**WHAT THE TASK REQUIRES**
Retype only what runs from the line with "8. sandal <box>355,171,396,226</box>" through the end of the entries, exactly and in full, but omit any picture you find.

Stored data:
##########
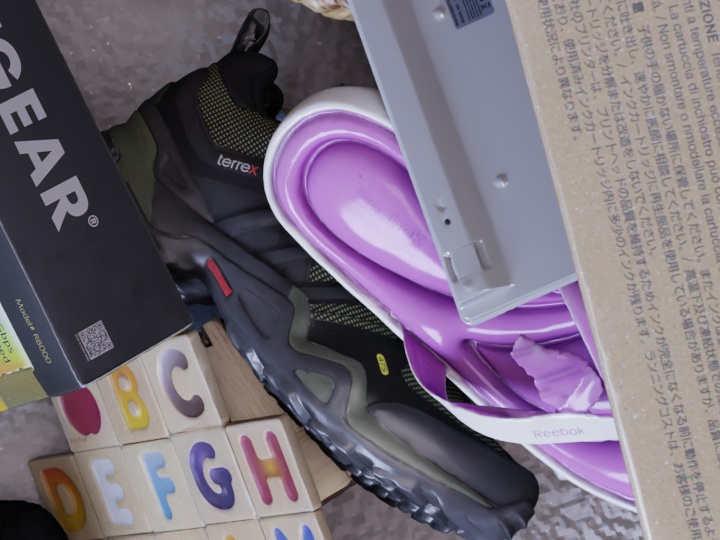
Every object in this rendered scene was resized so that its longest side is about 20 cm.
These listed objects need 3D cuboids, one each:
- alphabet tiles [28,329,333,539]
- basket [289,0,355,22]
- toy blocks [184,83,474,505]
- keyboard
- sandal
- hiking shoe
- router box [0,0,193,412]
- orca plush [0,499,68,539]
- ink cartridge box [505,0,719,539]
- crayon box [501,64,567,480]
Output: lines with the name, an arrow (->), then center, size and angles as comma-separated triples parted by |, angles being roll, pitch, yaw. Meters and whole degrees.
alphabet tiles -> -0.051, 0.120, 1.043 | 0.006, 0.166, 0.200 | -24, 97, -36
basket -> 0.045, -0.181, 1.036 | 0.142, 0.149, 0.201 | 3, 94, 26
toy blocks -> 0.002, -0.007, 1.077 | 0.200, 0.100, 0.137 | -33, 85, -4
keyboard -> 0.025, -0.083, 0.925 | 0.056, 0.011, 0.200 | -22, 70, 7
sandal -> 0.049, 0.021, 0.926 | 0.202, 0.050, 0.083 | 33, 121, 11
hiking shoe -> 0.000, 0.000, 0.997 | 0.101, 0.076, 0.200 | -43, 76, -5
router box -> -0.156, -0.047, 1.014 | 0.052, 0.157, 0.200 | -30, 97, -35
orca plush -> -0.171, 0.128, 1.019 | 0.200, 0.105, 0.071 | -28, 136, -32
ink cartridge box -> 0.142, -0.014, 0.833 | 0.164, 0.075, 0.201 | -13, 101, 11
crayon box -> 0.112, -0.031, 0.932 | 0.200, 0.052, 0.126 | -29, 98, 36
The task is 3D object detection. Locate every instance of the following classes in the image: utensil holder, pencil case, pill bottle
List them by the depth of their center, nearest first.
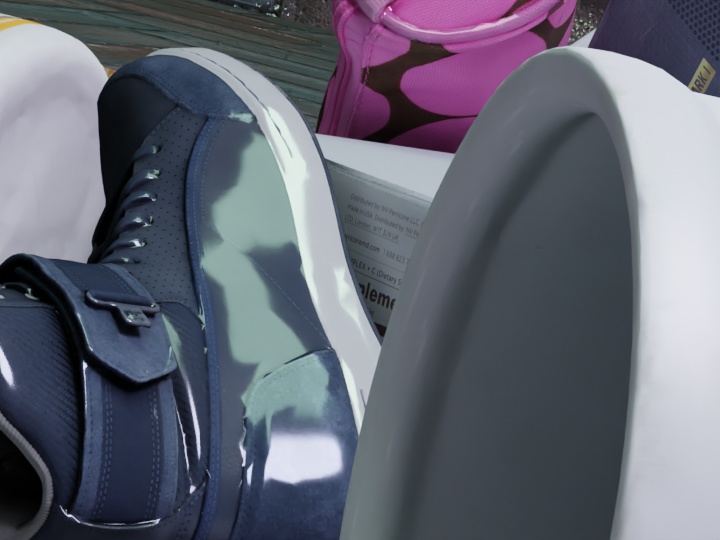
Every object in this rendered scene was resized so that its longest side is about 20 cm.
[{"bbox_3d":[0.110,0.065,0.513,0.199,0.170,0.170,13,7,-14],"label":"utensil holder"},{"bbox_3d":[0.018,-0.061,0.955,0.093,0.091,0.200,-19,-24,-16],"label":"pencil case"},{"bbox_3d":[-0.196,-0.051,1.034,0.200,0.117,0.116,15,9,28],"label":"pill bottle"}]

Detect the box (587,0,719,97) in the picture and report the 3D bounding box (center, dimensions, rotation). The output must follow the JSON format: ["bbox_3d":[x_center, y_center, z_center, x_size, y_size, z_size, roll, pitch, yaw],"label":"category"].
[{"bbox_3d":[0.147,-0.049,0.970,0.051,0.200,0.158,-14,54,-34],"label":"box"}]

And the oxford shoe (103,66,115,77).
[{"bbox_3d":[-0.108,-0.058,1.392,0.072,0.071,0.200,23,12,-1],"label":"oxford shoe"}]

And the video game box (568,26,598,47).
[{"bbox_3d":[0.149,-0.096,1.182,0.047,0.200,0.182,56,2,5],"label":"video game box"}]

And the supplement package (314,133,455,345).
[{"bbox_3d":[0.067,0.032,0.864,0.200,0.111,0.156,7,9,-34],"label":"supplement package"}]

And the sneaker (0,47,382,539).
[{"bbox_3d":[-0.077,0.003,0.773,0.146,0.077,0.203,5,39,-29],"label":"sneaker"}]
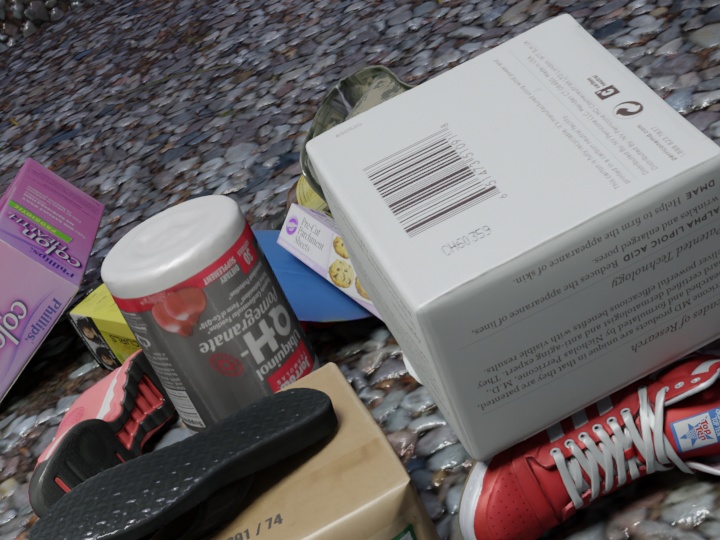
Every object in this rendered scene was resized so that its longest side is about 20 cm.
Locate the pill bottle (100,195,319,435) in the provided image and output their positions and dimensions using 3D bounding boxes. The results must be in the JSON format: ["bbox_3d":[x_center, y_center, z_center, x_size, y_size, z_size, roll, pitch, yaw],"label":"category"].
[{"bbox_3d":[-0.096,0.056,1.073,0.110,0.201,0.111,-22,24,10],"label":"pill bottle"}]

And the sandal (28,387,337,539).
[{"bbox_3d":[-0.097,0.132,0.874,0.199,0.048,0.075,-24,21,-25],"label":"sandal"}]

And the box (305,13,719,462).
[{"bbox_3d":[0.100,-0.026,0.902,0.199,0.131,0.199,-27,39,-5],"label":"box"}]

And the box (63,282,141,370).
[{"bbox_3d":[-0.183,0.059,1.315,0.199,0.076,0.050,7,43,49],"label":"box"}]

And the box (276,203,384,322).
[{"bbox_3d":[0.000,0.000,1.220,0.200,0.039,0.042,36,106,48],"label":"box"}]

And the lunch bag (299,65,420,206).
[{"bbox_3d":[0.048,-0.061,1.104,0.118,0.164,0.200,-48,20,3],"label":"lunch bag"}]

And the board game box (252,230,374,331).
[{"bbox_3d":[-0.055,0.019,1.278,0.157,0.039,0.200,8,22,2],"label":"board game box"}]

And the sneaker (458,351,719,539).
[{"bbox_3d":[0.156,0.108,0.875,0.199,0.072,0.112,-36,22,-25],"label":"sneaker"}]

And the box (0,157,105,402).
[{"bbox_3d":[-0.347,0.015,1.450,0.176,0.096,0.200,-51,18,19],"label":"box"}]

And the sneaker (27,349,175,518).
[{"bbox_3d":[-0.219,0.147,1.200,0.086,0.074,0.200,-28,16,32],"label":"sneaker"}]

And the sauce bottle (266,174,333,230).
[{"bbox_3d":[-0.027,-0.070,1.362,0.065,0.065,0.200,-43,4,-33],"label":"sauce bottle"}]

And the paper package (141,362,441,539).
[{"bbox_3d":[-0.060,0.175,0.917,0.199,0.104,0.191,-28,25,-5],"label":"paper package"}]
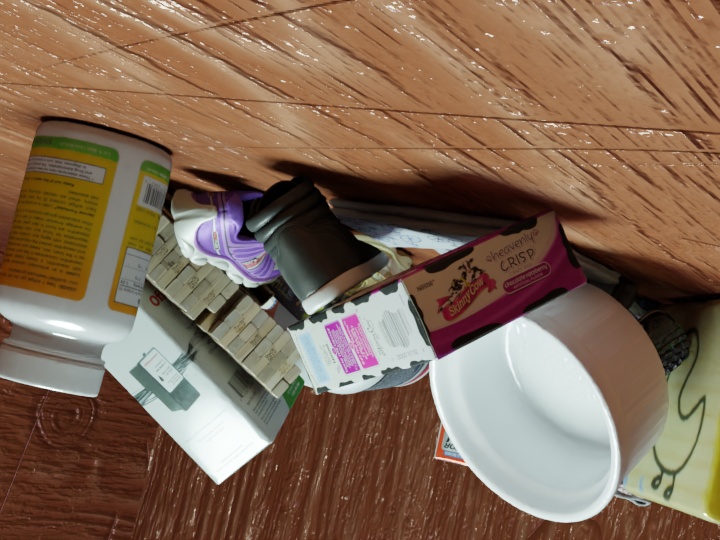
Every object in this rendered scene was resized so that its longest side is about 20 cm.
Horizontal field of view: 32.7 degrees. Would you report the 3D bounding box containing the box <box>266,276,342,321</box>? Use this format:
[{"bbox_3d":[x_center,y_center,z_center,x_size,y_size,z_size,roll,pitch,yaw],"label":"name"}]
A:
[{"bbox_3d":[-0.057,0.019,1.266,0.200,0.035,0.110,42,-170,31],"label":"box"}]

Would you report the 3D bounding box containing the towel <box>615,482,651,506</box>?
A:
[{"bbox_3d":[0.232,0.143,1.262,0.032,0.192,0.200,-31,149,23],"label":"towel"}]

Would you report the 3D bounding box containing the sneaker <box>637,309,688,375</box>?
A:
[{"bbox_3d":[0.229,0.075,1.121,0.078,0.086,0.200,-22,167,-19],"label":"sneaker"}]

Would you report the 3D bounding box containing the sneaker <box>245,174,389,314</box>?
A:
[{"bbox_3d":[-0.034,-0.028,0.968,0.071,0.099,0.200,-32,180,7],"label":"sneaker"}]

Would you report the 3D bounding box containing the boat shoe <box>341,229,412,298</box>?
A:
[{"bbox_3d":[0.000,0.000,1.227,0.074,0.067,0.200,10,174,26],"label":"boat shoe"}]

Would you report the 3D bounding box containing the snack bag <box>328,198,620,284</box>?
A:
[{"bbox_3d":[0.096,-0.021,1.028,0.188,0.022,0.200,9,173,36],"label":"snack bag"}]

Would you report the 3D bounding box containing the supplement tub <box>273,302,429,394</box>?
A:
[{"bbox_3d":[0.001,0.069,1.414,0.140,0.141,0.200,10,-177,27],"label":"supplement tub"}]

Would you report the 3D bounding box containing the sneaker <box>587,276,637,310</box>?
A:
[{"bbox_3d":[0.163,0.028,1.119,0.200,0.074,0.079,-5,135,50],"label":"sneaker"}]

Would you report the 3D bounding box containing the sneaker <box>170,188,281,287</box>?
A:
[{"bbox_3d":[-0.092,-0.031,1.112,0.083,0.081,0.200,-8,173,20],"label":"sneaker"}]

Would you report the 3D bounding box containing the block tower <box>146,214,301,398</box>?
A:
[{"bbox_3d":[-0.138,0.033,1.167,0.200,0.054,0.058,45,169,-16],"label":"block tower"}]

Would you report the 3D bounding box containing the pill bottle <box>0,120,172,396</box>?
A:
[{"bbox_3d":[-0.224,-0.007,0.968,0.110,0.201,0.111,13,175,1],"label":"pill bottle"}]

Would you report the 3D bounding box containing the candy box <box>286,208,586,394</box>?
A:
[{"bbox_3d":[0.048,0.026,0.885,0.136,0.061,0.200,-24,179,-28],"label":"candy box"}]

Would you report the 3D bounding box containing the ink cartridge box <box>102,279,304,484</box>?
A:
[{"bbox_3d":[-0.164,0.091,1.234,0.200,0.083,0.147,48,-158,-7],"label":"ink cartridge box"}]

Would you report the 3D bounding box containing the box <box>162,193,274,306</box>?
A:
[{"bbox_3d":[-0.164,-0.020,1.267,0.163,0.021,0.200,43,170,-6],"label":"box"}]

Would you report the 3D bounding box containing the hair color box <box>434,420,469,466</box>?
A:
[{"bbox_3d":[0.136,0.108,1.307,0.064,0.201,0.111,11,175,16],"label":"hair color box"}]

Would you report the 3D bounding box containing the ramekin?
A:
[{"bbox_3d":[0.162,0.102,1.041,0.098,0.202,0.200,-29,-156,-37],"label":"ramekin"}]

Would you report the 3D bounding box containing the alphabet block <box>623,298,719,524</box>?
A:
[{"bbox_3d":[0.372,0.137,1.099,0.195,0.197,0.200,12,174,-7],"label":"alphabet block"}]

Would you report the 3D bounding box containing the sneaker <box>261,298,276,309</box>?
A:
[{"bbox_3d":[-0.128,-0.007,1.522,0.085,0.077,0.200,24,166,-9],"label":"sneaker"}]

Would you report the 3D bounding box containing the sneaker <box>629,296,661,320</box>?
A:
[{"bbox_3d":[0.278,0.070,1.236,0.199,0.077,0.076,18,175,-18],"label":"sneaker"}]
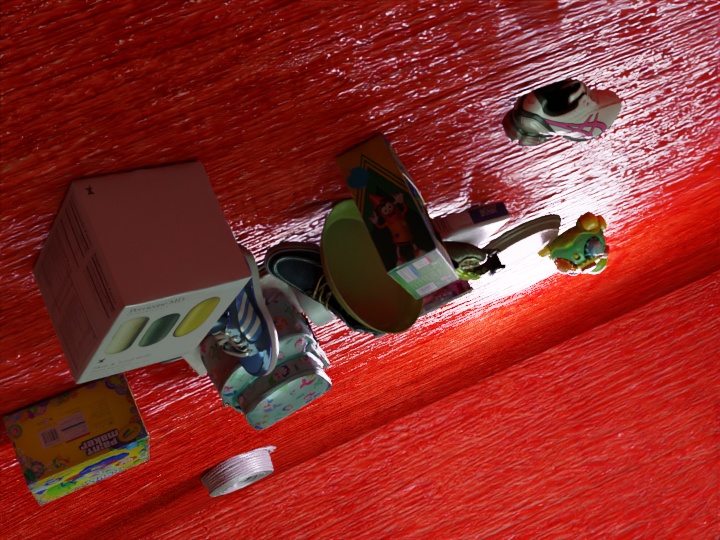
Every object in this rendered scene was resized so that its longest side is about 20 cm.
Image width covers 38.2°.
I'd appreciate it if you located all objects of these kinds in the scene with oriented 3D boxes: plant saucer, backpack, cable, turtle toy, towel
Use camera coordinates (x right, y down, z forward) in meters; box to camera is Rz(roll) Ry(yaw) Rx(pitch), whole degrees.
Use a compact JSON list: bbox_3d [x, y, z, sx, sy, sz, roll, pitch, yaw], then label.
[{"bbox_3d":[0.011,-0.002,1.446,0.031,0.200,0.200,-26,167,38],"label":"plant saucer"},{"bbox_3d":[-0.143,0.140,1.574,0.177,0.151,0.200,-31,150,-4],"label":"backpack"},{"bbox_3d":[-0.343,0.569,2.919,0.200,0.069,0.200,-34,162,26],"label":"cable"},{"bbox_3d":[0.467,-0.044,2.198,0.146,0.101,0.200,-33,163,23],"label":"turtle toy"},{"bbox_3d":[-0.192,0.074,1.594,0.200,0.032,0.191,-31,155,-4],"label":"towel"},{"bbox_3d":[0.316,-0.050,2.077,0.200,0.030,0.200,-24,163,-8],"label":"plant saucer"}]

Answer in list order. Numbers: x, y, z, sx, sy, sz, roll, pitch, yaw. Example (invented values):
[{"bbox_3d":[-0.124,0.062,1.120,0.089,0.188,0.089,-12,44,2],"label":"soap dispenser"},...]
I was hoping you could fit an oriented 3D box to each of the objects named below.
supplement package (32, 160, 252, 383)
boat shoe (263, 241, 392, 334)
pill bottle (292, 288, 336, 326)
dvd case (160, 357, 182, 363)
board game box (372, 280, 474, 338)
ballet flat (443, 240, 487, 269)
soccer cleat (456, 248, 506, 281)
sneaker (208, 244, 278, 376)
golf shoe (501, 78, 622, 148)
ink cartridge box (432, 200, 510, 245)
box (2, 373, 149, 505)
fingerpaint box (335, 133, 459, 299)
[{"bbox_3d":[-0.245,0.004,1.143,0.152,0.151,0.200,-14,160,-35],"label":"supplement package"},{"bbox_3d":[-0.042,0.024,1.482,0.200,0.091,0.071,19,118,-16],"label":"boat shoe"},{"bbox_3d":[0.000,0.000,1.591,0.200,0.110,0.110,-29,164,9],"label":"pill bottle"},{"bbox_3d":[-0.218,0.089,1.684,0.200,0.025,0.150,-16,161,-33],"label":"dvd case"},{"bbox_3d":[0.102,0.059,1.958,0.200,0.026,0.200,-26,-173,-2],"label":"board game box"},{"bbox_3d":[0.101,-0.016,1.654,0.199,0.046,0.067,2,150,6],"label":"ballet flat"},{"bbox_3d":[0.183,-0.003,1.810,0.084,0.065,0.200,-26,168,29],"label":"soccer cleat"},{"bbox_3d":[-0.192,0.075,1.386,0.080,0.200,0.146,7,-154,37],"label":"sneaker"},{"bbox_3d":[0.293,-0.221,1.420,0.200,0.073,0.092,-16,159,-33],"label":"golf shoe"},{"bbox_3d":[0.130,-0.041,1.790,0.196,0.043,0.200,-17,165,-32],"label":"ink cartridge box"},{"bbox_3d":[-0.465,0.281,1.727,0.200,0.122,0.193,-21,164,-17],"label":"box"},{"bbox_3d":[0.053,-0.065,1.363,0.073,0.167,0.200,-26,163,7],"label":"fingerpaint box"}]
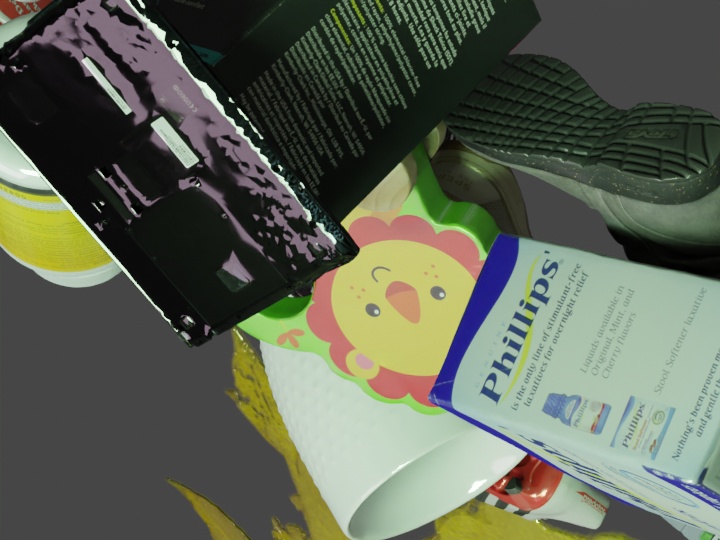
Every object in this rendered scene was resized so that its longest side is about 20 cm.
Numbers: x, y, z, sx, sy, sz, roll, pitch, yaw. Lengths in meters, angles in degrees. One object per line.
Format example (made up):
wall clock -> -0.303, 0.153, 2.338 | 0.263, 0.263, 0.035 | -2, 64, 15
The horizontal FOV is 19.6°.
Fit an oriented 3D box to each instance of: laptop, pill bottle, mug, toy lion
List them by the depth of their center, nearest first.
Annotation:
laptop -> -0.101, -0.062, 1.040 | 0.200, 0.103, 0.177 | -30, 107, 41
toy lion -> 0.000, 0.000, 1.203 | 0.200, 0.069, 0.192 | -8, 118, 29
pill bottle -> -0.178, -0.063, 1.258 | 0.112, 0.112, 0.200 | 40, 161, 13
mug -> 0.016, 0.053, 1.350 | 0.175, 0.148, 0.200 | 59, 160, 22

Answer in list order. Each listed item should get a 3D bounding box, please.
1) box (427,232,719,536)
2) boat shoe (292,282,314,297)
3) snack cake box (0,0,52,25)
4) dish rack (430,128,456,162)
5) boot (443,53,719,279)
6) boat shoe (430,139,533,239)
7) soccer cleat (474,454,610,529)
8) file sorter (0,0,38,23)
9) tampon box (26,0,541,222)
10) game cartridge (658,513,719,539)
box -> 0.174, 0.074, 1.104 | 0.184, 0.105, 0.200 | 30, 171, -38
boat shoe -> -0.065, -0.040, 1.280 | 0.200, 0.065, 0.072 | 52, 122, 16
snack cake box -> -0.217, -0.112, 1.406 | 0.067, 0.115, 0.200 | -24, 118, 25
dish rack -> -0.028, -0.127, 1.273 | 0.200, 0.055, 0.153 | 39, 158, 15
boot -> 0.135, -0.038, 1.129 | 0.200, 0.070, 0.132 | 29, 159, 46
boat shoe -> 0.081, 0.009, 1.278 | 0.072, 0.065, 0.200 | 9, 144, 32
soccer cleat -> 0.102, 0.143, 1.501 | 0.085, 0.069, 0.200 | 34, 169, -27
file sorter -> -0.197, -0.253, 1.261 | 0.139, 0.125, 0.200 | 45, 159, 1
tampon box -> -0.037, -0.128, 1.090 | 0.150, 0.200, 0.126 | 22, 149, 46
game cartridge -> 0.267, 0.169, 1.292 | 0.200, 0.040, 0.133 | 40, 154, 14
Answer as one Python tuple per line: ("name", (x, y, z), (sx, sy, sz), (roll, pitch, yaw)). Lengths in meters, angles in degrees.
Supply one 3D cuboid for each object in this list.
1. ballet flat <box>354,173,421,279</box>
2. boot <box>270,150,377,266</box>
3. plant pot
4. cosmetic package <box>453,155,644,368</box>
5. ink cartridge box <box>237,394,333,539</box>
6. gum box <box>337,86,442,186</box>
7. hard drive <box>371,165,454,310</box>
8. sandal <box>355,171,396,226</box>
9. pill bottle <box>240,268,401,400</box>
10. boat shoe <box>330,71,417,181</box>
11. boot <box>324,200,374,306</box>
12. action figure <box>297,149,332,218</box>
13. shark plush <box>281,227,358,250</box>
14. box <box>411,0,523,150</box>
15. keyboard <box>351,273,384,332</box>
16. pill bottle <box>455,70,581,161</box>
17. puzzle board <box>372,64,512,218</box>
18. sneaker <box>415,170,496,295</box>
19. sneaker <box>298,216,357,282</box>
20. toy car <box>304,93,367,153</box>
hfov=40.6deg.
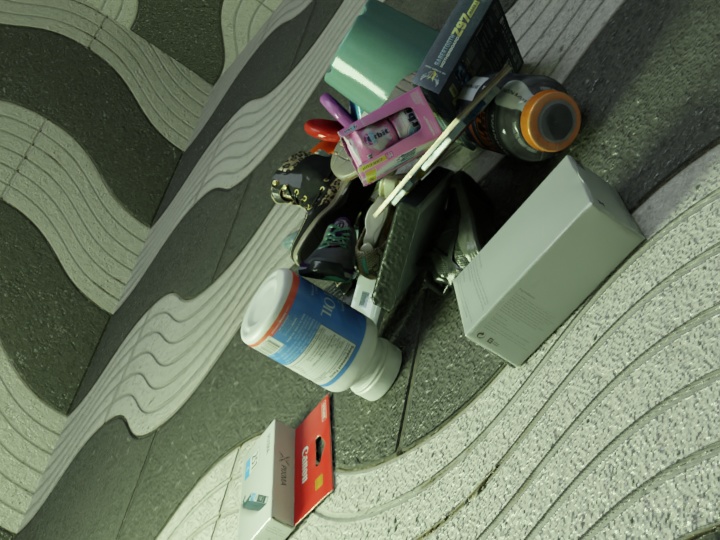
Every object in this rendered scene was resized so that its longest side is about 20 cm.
##########
**TASK RESPONSE**
8. sandal <box>355,171,396,226</box>
9. pill bottle <box>240,268,401,400</box>
10. boat shoe <box>330,71,417,181</box>
11. boot <box>324,200,374,306</box>
12. action figure <box>297,149,332,218</box>
13. shark plush <box>281,227,358,250</box>
14. box <box>411,0,523,150</box>
15. keyboard <box>351,273,384,332</box>
16. pill bottle <box>455,70,581,161</box>
17. puzzle board <box>372,64,512,218</box>
18. sneaker <box>415,170,496,295</box>
19. sneaker <box>298,216,357,282</box>
20. toy car <box>304,93,367,153</box>
hfov=40.6deg.
Every object in this rendered scene was resized so that its longest side is about 20 cm.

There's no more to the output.